The Chairman: Thank you very much.

I might note to you, Mr. Reynolds, that the ministry's representative at the back of the room has been scribbling away furiously. I think he has recorded your request and we'll get that information.

However, we will be making a visit to the centre and we can also inquire while we're there.

Mr. John Reynolds: We'll have to find out if we're all welcome first.

The Chairman: That's right.

I'm going to terminate the forum at this time and thank you very much.

Mr. Phil Rankin: I wonder if I can file one thing with you. I looked at recommendation 146, which I call the zero tolerance recommendation, and the idea you could be denied entry outside of Canada without any review. I cut out some of the recent stuff on American immigration officers getting the same kind of power.
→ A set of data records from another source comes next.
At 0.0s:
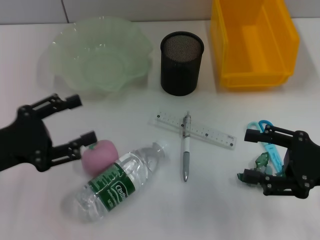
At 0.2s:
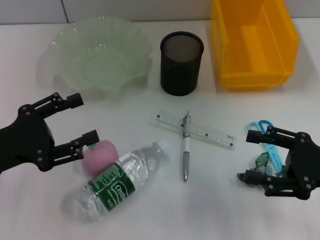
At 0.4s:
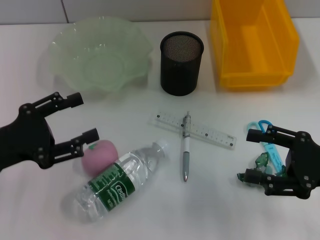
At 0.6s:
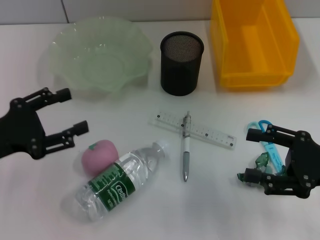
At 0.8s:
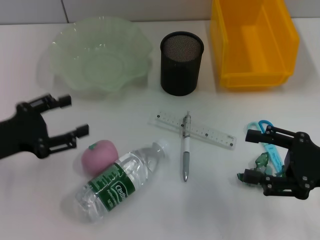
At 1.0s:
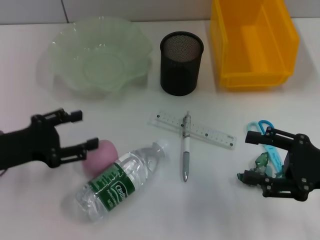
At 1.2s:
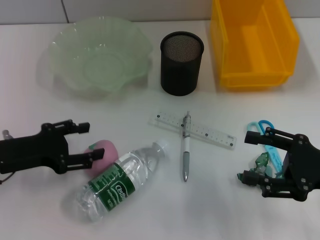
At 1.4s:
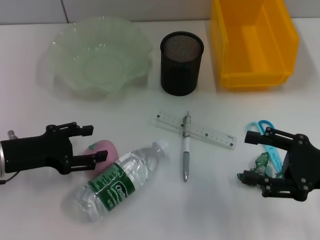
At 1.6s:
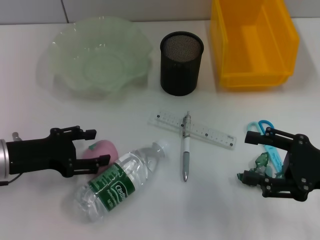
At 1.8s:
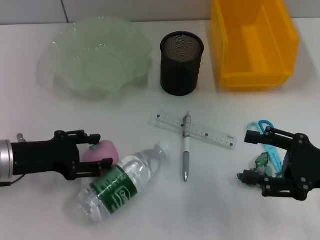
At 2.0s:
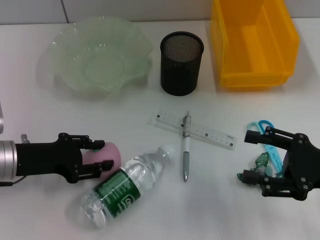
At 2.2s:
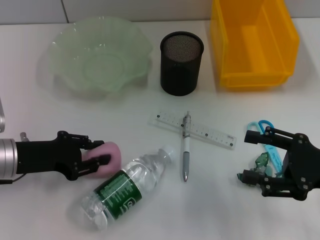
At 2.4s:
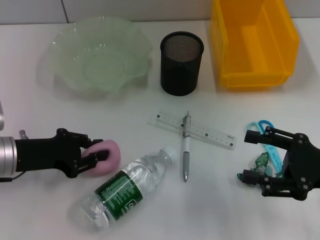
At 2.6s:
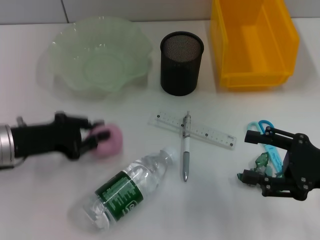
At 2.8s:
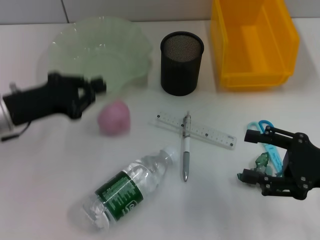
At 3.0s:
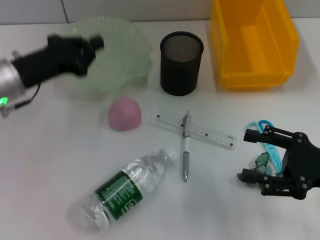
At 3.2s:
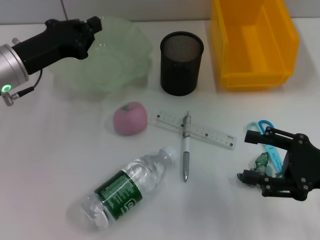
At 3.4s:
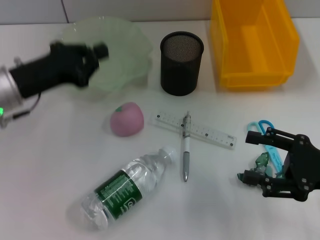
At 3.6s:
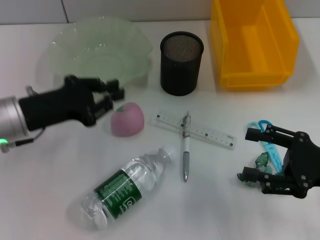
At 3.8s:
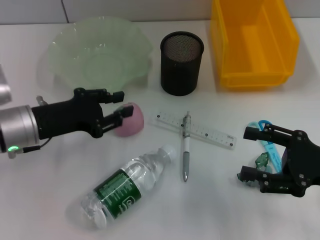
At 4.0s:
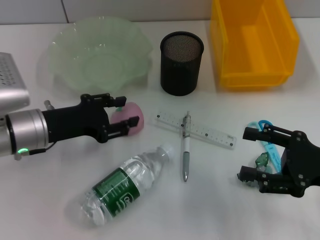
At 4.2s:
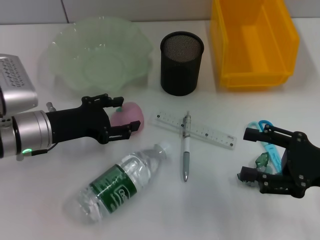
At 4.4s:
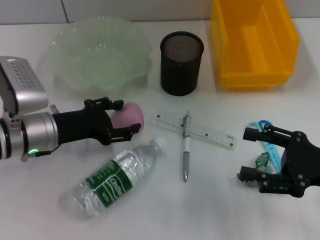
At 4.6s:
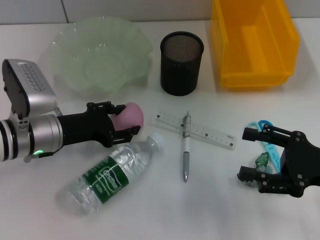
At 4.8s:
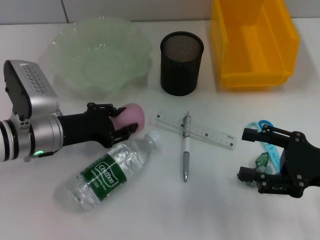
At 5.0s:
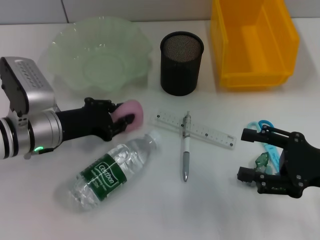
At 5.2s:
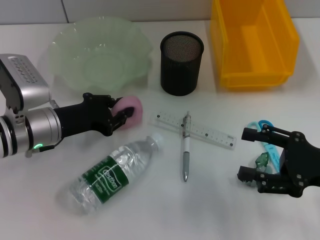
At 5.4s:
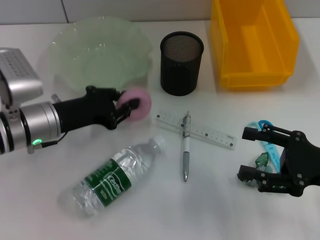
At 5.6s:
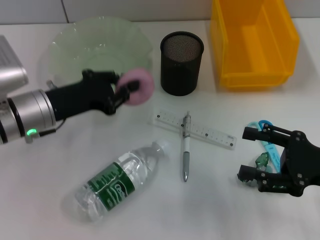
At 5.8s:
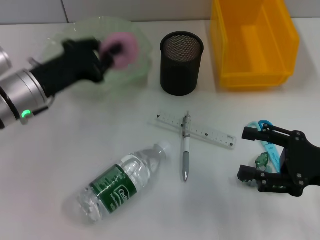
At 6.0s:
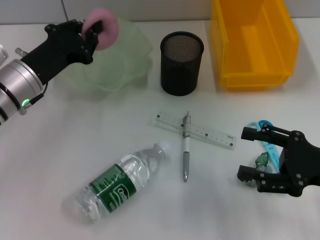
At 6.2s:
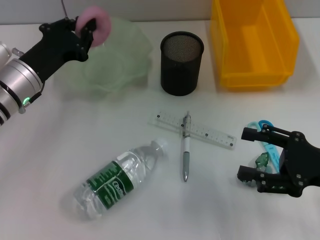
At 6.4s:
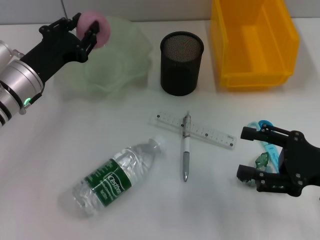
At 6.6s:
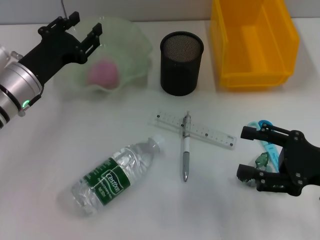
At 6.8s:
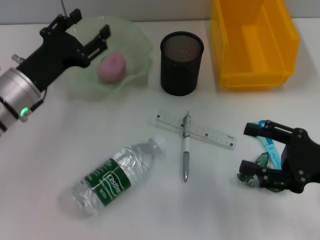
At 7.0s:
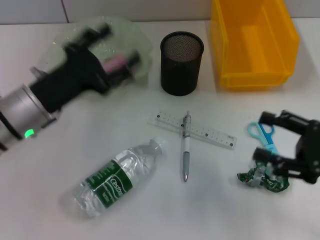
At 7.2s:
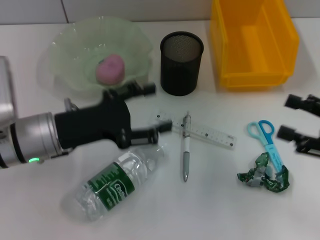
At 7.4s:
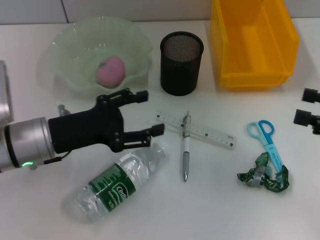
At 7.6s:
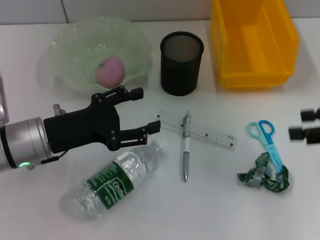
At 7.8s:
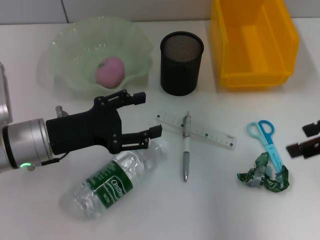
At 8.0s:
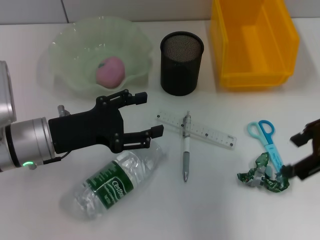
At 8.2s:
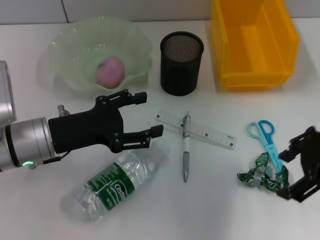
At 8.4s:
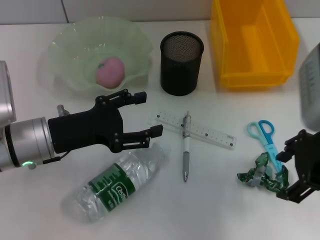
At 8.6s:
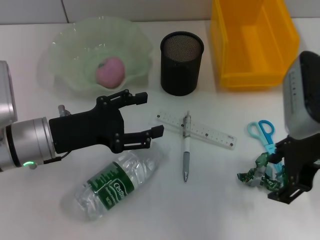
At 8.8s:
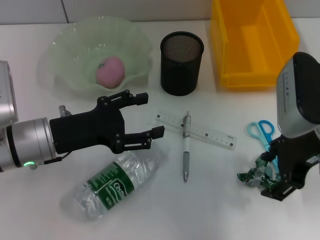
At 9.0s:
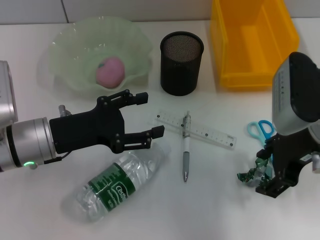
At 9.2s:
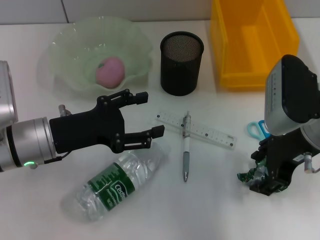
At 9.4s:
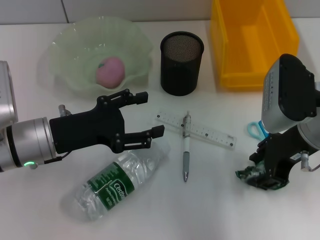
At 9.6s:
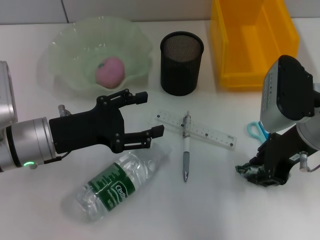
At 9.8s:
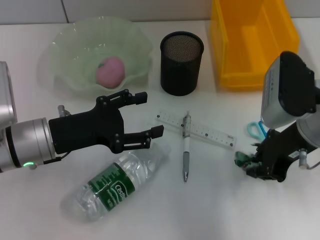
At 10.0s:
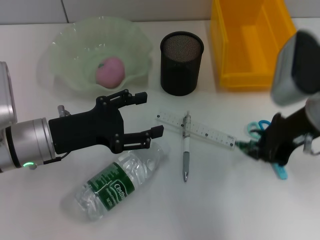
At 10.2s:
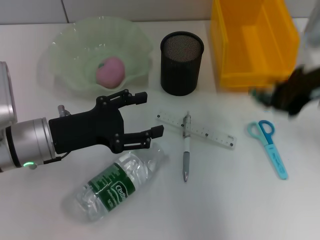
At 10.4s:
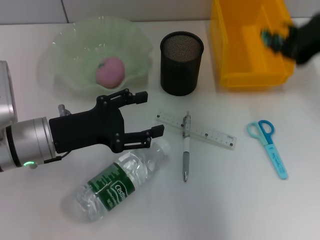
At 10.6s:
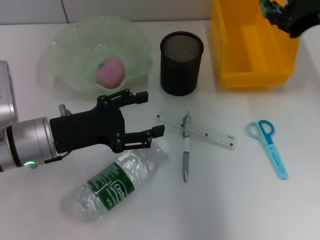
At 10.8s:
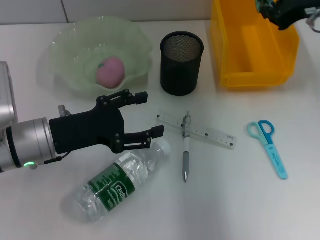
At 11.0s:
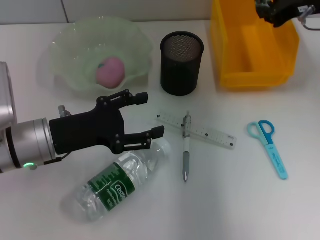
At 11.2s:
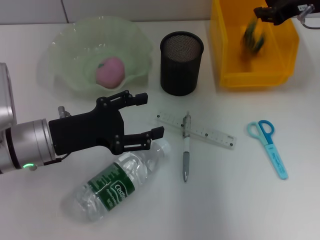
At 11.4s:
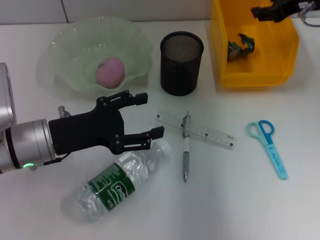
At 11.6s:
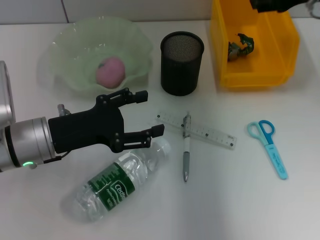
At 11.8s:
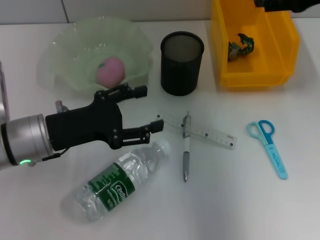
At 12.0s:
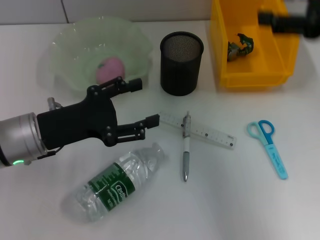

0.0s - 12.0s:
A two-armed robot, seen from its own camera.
Step, 0.0s - 4.6s: Grab the peach with the left hand.
Step, 4.8s - 6.8s: Place the peach into the fruit bowl with the left hand.
Step, 7.2s - 9.6s: Grab the plastic with the right hand.
Step, 9.8s - 11.8s: Place the plastic into the trash can with the right hand.
0.0s - 1.6s: The left gripper moves roughly 5 cm.
1.6s - 3.0s: The left gripper moves forward, some 5 cm, and closes its fingers.
3.0s - 4.4s: The left gripper moves downward, about 5 cm, and opens up.
4.4s - 6.0s: The left gripper closes up.
6.0s - 7.6s: The left gripper heads backward, covering some 5 cm, and opens, while the right gripper is displaced upward by about 10 cm.
7.6s - 9.0s: The right gripper moves to the left, about 15 cm.
9.0s - 10.4s: The right gripper shifts some 10 cm upward, and closes.
10.4s - 12.0s: The right gripper reaches approximately 10 cm forward, then returns, and opens its fingers.

I'm sure you're all aware of them, but I want to leave them with the committee if you want to hear some sad stories, such as people who admitted to smoking marijuana 30 years ago, more or less when Mr. Clinton admitted doing it, banned for life in the United States. A lot of power is given to people, and I just think recommendation 146 is a serious problem.

The Chairman: Thank you very much. That will be passed on to the clerk and we can make copies and distribute them.

Thank you. The meeting is adjourned.